▶ _EXERCISE DIRECTIONS_: From the first line of the data below through the line holding "properties part number", output each line exactly and leave the pictures out.

▶ _EXCERPTED DATA_:
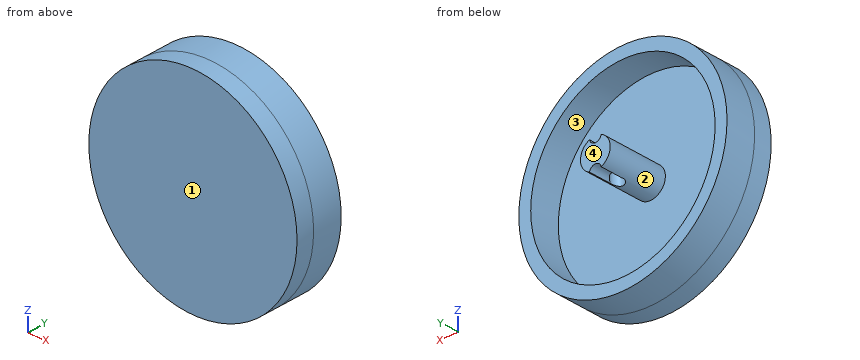
Autodesk Inventor part; units mm, degrees
ref_plane "YZ Plane" through (0, 0, 0) normal (1, 0, 0) x (0, 1, 0)
ref_plane "XZ Plane" through (0, 0, 0) normal (0, 1, 0) x (-1, 0, 0)
ref_plane "XY Plane" through (0, 0, 0) normal (0, 0, 1) x (1, 0, 0)
sketch "Sketch1" plane through (0, 0, 0) normal (0, 1, 0) x (-1, 0, 0)
  circle A0 centre (0, 0) radius 17.5
  dimension "d0" = 35
extrude "Extrusion1" add sketch "Sketch1" along normal blind 3
sketch "Sketch2" plane through (0, 3, 0) normal (0, 1, 0) x (1, 0, 0)
  circle A0 centre (0, 0) radius 17.5
  circle A1 centre (0, 0) radius 2.5
  dimension "d3" = 5
extrude "Extrusion2" add sketch "Sketch2" along normal blind 10 contours A1
sketch "Sketch3" plane through (0, 0, 0) normal (0, 0, 1) x (1, 0, 0)
  circle A0 centre (0, 9) radius 1
  line L0 (2.5, 13) -> (-2.5, 13)
  point P0 (0, 0)
  dimension "d6" = 2
  dimension "d9" = 4
extrude "Extrusion3" cut sketch "Sketch3" along normal through all both and the other way through all
sketch "Sketch4" plane through (0, 13, 0) normal (0, 1, 0) x (1, 0, 0)
  circle A0 centre (0, 0) radius 2.5
  circle A1 centre (0, 2.5) radius 1
  circle A2 centre (0, -2.5) radius 1
  dimension "d10" = 2
extrude "Extrusion4" cut sketch "Sketch4" against normal blind 4 contours A1 A0 | A0 A1 | A2 A0 | A0 A2
sketch "Sketch5" plane through (0, 3, 0) normal (0, 1, 0) x (1, 0, 0)
  circle A0 centre (0, 0) radius 17.5
  circle A1 centre (0, 0) radius 15.5
  dimension "d13" = 2
extrude "Extrusion5" add sketch "Sketch5" along normal blind 5
properties part number "pot_bottom"
Geometry check sheet. Reference: the model listing, model coordinates, mm. Face numbers are marked on the shaded views. A direction names the side the tool comes from. Give positions to 0.01 mm unless a question says otherwise; leave off trailing zeros. Loops run counter-clockwise (first coordinate to the right, second up) from the corner with the lowest first, then second, coordinate; pieces in that order, holes last. Notation, with made-up numbers: (-20, 28) -> (18, 28) arc R16 ccw to (18, 53) -> close; hole circle Ø10 at (11, 47.25). An arc over 180 degrees is marked (long way). Answer in a Markdown table with one row per item. Add a question column.
1) Set-up check for the marked faces 1 and 2: record each of +Z, -Z, +X, -X, +Y, -Y from which the full face is reachable in a straight line by a thin tool's end or side.
2) Material ranges on probe 1 along Z at (x, y) = (0, 5.4); probe 2 along Y at (x, z) = (0, 1.25); probe 3 along X at (y, z) = (6.5, -2), recorded low to high. Write a range as from..to.
3) Cross-section at D-D on z = 11.5. Record the boundary of the cut face in (x, y).
4) Draft check along X on the marked faces 3 and 4. Enter one of: pulls with the +X half, pulls with the -X half, needs draft (parallel to the pull), parting line crosses it, or undercut.
5) Cross-section at B-B on y = 5.75. Record the boundary of the cut face in (x, z), and give its area (3 significant figures).
6) Cross-section at C-C on x = 0. Record the boundary of the cut face in (y, z).
7) Cross-section at A-A on z = 0. Record the boundary of the cut face in (x, y).
8) Gauge pin test, flat ends, axial feed: P1, Ø1.5, axis at y = 5, z = -0.5, coming from the +X side; P2, Ø5, axis at y = 4, z = 7, coming from the +X side; P3, Ø12, axis at x = -13, z = -5, coming from the +Y side; P4, Ø6, axis at x = 9, y = 10.5, coming from the +Z side. Record the tip position at first contact, or that the pin passes through.
Outcome:
| question | item | result |
|---|---|---|
| 1 | face 1 | +Z, -Z, +X, -X, -Y |
| 1 | face 2 | +Y |
| 2 | probe 1 | z = -17.5..-15.5, -2.5..2.5, 15.5..17.5 |
| 2 | probe 2 | y = 0..8, 10..13 |
| 2 | probe 3 | x = -17.39..-15.37, -1.5..1.5, 15.37..17.39 |
| 3 | outline | (-13.19, 0) -> (13.19, 0) -> (13.19, 8) -> (10.39, 8) -> (10.39, 3) -> (-10.39, 3) -> (-10.39, 8) -> (-13.19, 8) -> close |
| 4 | face 3 | undercut |
| 4 | face 4 | needs draft |
| 5 | outline | circle Ø35 at (0, 0); circle Ø5 at (0, 0); hole circle Ø31 at (0, 0) |
| 5 | area | 227 mm^2 |
| 6 | outline | (0, -17.5) -> (8, -17.5) -> (8, -15.5) -> (3, -15.5) -> (3, -2.5) -> (8, -2.5) -> (8, 2.5) -> (3, 2.5) -> (3, 15.5) -> (8, 15.5) -> (8, 17.5) -> (0, 17.5) -> close; (10, -1.5) -> (13, -1.5) -> (13, 1.5) -> (10, 1.5) -> close |
| 7 | outline | (-17.5, 0) -> (17.5, 0) -> (17.5, 8) -> (15.5, 8) -> (15.5, 3) -> (2.5, 3) -> (2.5, 13) -> (-2.5, 13) -> (-2.5, 3) -> (-15.5, 3) -> (-15.5, 8) -> (-17.5, 8) -> close; hole circle Ø2 at (0, 9) |
| 8 | P1 | stops at x = 17.5 |
| 8 | P2 | stops at x = 16.91 |
| 8 | P3 | stops at y = 8 |
| 8 | P4 | stops at z = 15.89 |
Source: CAD feature listing. Evaluate the final solid. Frame: model axes, mm. A direction names the side the tool comes from. Give positions to 0.01 mm unless a question says otherwise; leave off trailing zeros. Write each loop counter-clockwise with the first axis right and the second up, starting at its lowest first coordinate (ties: lowest second). Pieces come first, ordered by that corner, then holes. Notation, with made-up numbers: (51, 9.25) -> (77, 9.25) arc R17 ccw to (77, 17.25) -> close; hole circle Ø3 at (50.5, 8.25). An arc over 180 degrees is marked (long way). Answer as a JSON object with one key per item and string values. Group by question number.
Item 1: Section query D-D on z = 65. Return the cut outline in (x, y).
Item 2: Section query A-A on z = 28. Return the cut outline in (x, y), plus the area to 3 significant figures.
Item 3: Section query B-B on x = -145.5. Return the cut outline in (y, z).
Item 4: Ray query, probe 1 along Z at (x, y) = (141.5, -78); probe 2 along X at (y, z) = (101.5, 28.5); probe 3 along X at (y, z) = (153.5, 65). Return the intervals inside material, ascending. Write a range as from..to.
Item 5: Access query for faces 1 (the face through (162.51, 1.82, 7.76)), 2 (the face through (-0.55, 159.86, 77.488)), 3 (the face through (163.986, -144.297, 65.63)). Directions: +Z, -Z, +X, -X, +Y, -Y. A direction counts if a zero-diameter tool reaches every point of the face in a straight line with its end or side. Return the directions, or none.
Item 6: First-contact query: pin 1 Ø16 at (x, z) = (0, 65) entering from +Y; pin 2 Ø1.5 at (x, z) = (50.5, 60) entering from +Y. Flat tips, straight axial feed; report the tip coordinate or a pass-through.
Item 7: Section query C-C on x = 0. Return the cut outline in (y, z), plus the area to 3 significant figures.
Item 8: Pull-direction query (X, two-part tool) for faces 4 (the face through (-164.297, -143.986, 65.63)), 5 (the face through (-2, 147.5, 54)), 6 (the face through (170, -2, 64)); classes: pulls with the +X half, pulls with the -X half, needs draft (parallel to the pull), parting line crosses it, or undercut.
from build123d import *

# Parameters (mm, degrees)
SKETCH1_W           = 340
SKETCH1_H           = 300
BOSS_EXTRUDE1_DEPTH = 130
FILLET1_R           = 20
SKETCH2_R           = 12.5
BOSS_EXTRUDE2_DEPTH = 20
SHELL2_T            = -2.5


with BuildPart() as part:
    # Sketch1 → Boss-Extrude1 (new body)
    with BuildSketch(Plane.XY):
        Rectangle(SKETCH1_W, SKETCH1_H)
    extrude(amount=BOSS_EXTRUDE1_DEPTH)

    # Fillet1
    fillet1_edges = [part.edges().sort_by_distance(p)[0] for p in [
        (-170, 0, 130),
        (0, -150, 130),
        (170, 0, 130),
        (0, -150, 0),
        (-170, 0, 0),
        (0, 150, 0),
        (170, 0, 0),
        (170, -150, 65),
        (-170, -150, 65),
        (-170, 150, 65),
        (170, 150, 65),
        (0, 150, 130),
    ]]
    fillet(fillet1_edges, radius=FILLET1_R)

    # Sketch2 → Boss-Extrude2 (add)
    with BuildSketch(Plane(origin=(0, 150, 0), x_dir=(1, 0, 0), z_dir=(0, 1, 0))):
        with Locations(Location((0, -65, 0), (0, 0, 90))):
            Circle(SKETCH2_R)
    extrude(amount=BOSS_EXTRUDE2_DEPTH)

    # Shell2
    shell2_openings = [part.faces().sort_by_distance(p)[0] for p in [
        (0, 170, 65),
    ]]
    offset(amount=SHELL2_T, openings=shell2_openings, kind=Kind.INTERSECTION)


solid = part.part
Worked answers:
{
 "1": {"outline": "(-170, -130) arc R20 ccw to (-150, -150) -> (150, -150) arc R20 ccw to (170, -130) -> (170, 130) arc R20 ccw to (150, 150) -> (12.5, 150) -> (12.5, 170) -> (10, 170) -> (10, 147.5) -> (150, 147.5) arc R17.5 cw to (167.5, 130) -> (167.5, -130) arc R17.5 cw to (150, -147.5) -> (-150, -147.5) arc R17.5 cw to (-167.5, -130) -> (-167.5, 130) arc R17.5 cw to (-150, 147.5) -> (-10, 147.5) -> (-10, 170) -> (-12.5, 170) -> (-12.5, 150) -> (-150, 150) arc R20 ccw to (-170, 130) -> close"},
 "2": {"outline": "(-170, -130) arc R20 ccw to (-150, -150) -> (150, -150) arc R20 ccw to (170, -130) -> (170, 130) arc R20 ccw to (150, 150) -> (-150, 150) arc R20 ccw to (-170, 130) -> close; hole (-167.5, -130) arc R17.5 ccw to (-150, -147.5) -> (150, -147.5) arc R17.5 ccw to (167.5, -130) -> (167.5, 130) arc R17.5 ccw to (150, 147.5) -> (-150, 147.5) arc R17.5 ccw to (-167.5, 130) -> close", "area": "3,090 mm^2"},
 "3": {"outline": "(-150, 20) arc R20 ccw to (-130, 0) -> (130, 0) arc R20 ccw to (150, 20) -> (150, 110) arc R20 ccw to (130, 130) -> (-130, 130) arc R20 ccw to (-150, 110) -> close; hole (-147.5, 20) arc R17.5 ccw to (-130, 2.5) -> (130, 2.5) arc R17.5 ccw to (147.5, 20) -> (147.5, 110) arc R17.5 ccw to (130, 127.5) -> (-130, 127.5) arc R17.5 ccw to (-147.5, 110) -> close"},
 "4": {"probe 1": "0..2.5, 127.5..130", "probe 2": "-170..-167.5, 167.5..170", "probe 3": "-12.5..-10, 10..12.5"},
 "5": {"face 1": "none", "face 2": "+Y", "face 3": "+Z, -Z, +X, -Y"},
 "6": {"pin 1": "y = -147.5", "pin 2": "y = 150"},
 "7": {"outline": "(-150, 20) arc R20 ccw to (-130, 0) -> (130, 0) arc R20 ccw to (150, 20) -> (150, 52.5) -> (170, 52.5) -> (170, 55) -> (147.5, 55) -> (147.5, 20) arc R17.5 cw to (130, 2.5) -> (-130, 2.5) arc R17.5 cw to (-147.5, 20) -> (-147.5, 110) arc R17.5 cw to (-130, 127.5) -> (130, 127.5) arc R17.5 cw to (147.5, 110) -> (147.5, 75) -> (170, 75) -> (170, 77.5) -> (150, 77.5) -> (150, 110) arc R20 ccw to (130, 130) -> (-130, 130) arc R20 ccw to (-150, 110) -> close", "area": "2,090 mm^2"},
 "8": {"face 4": "pulls with the -X half", "face 5": "undercut", "face 6": "pulls with the +X half"}
}
Verification items for the finished model (mm, model axes). A direction names the side the tool comes from. Coordinates: 2 decimals unless noted, no trailing zeros. Write each loop counter-clockwise with the first axis right and the second up, starting at its lowest first coordinate (ties: lowest second). Pieces come first, ordered by that corner, then holes. Notation, with made-up numbers: M -31.5,-21 L -23.5,-21 A15 ccw -23.5,-13 Z; hole C 64.25,26 d9. An arc over 180 degrees is marked long. One line per item, written item: value.
```python
from build123d import *

# Parameters (mm, degrees)
F0_W     = 50.8
F0_H     = 12.7
F1_DEPTH = 127
F2_T     = -1
F3_W     = 50.8
F3_H     = 127
F4_DEPTH = 25.4
F5_W     = 24.9
F5_H     = 25.4
F6_DEPTH = 127


# Not quite as in the source:
# - a pattern or mirror of a feature is missing from the dataset's text; its kind, count and spacing are read off the source's solid


with BuildPart() as f1:
    # F0 (on Top) → F1 (new body)
    with BuildSketch(Plane.XY):
        Rectangle(F0_W, F0_H)
    extrude(amount=F1_DEPTH)

    # F2
    f2_openings = [f1.faces().sort_by_distance(p)[0] for p in [
        (0, 0, 127),
        (0, -6.35, 63.5),
        (0, 0, 0),
    ]]
    offset(amount=F2_T, openings=f2_openings)

    # F3 (on face) → F4 (join)
    with BuildSketch(Plane(origin=(0, 6.35, 0), x_dir=(-1, 0, 0), z_dir=(0, 1, 0))):
        with Locations((0, 63.5)):
            Rectangle(F3_W, F3_H)
    extrude(amount=F4_DEPTH)

    # F5 (on face) → F6 (cut)
    with BuildSketch(Plane.XY.offset(127)):
        with Locations((-12.95, 19.05)):
            Rectangle(F5_W, F5_H)
    f6 = extrude(amount=-F6_DEPTH, mode=Mode.SUBTRACT)

    # F6_copies: F6 across plane
    add(f6.mirror(Plane(origin=(0, 0, 0), x_dir=(0, 0, 1), z_dir=(1, 0, 0))), mode=Mode.SUBTRACT)


solid = f1.part
```
Item 1: Access from +Z, -Z, +X, -X, +Y, -Y to the whole of each face (thin tool, end or side, straight path). Record for faces 1 (the face through (13, 6.35, 64)), 2 (the face through (4, 6, 127)), 3 (the face through (-0.5, 19, 64)), 4 (the face through (0, 5.35, 63)).
The answers:
face 1: +Z, -Z, +X, +Y
face 2: +Z, +X, -X, +Y, -Y
face 3: +Z, -Z, -X, +Y
face 4: +Z, -Z, -Y
Item 2: Scan lines: line 1 (X direction, y = -1.5, z = 51.5); line 2 (X direction, y = 16, z = 115); line 3 (Y direction, x = -8, z = 83). Record each from-to range of solid material in increasing order.
The answers:
line 1: x = -25.4 to -24.4, 24.4 to 25.4
line 2: x = -0.5 to 0.5
line 3: y = 5.35 to 6.35
Item 3: Cross-section at A-A, the plane z = 70.5. Enter the section's corners in (x, y), and give its area (3 significant figures).
The answers:
outline: M -25.4,-6.35 L -24.4,-6.35 L -24.4,5.35 L 24.4,5.35 L 24.4,-6.35 L 25.4,-6.35 L 25.4,6.35 L 0.5,6.35 L 0.5,31.75 L -0.5,31.75 L -0.5,6.35 L -25.4,6.35 Z
area: 99.6 mm²
Item 4: Cross-section at B-B, the plane y = 15. Enter the section's corners in (x, z), and give its area (3 significant figures).
The answers:
outline: M -0.5,0 L 0.5,0 L 0.5,127 L -0.5,127 Z
area: 127 mm²
Item 5: Go/stop test with flat-tipped pins: P1, Ø8, axis at x = -5, z = 70, coming from the +Y side; P2, Ø7.5, axis at y = 24, z = 79.5, coming from the -X side; P3, Ø4, axis at x = 4.5, z = 53.5, coming from the -Y side. Record where each tip stops, or that it passes through.
The answers:
P1: stops at y = 6.35
P2: stops at x = -0.5
P3: stops at y = 5.35
Item 6: Cross-section at C-C, the plane x = -19.5. Enter the section's corners in (y, z).
The answers:
outline: M 5.35,0 L 6.35,0 L 6.35,127 L 5.35,127 Z

▶ _REPLY_:
Autodesk Inventor part; units mm, degrees
ref_plane "YZ Plane" through (0, 0, 0) normal (1, 0, 0) x (0, 1, 0)
ref_plane "XZ Plane" through (0, 0, 0) normal (0, 1, 0) x (-1, 0, 0)
ref_plane "XY Plane" through (0, 0, 0) normal (0, 0, 1) x (1, 0, 0)
sketch "Sketch1" plane through (0, 0, 0) normal (0, 1, 0) x (-1, 0, 0)
  circle A0 centre (0, 0) radius 17.5
  dimension "d0" = 35
extrude "Extrusion1" add sketch "Sketch1" along normal blind 3
sketch "Sketch2" plane through (0, 3, 0) normal (0, 1, 0) x (1, 0, 0)
  circle A0 centre (0, 0) radius 17.5
  circle A1 centre (0, 0) radius 2.5
  dimension "d3" = 5
extrude "Extrusion2" add sketch "Sketch2" along normal blind 10 contours A1
sketch "Sketch3" plane through (0, 0, 0) normal (0, 0, 1) x (1, 0, 0)
  circle A0 centre (0, 9) radius 1
  line L0 (2.5, 13) -> (-2.5, 13)
  point P0 (0, 0)
  dimension "d6" = 2
  dimension "d9" = 4
extrude "Extrusion3" cut sketch "Sketch3" along normal through all both and the other way through all
sketch "Sketch4" plane through (0, 13, 0) normal (0, 1, 0) x (1, 0, 0)
  circle A0 centre (0, 0) radius 2.5
  circle A1 centre (0, 2.5) radius 1
  circle A2 centre (0, -2.5) radius 1
  dimension "d10" = 2
extrude "Extrusion4" cut sketch "Sketch4" against normal blind 4 contours A1 A0 | A0 A1 | A2 A0 | A0 A2
sketch "Sketch5" plane through (0, 3, 0) normal (0, 1, 0) x (1, 0, 0)
  circle A0 centre (0, 0) radius 17.5
  circle A1 centre (0, 0) radius 15.5
  dimension "d13" = 2
extrude "Extrusion5" add sketch "Sketch5" along normal blind 5
properties part number "pot_bottom"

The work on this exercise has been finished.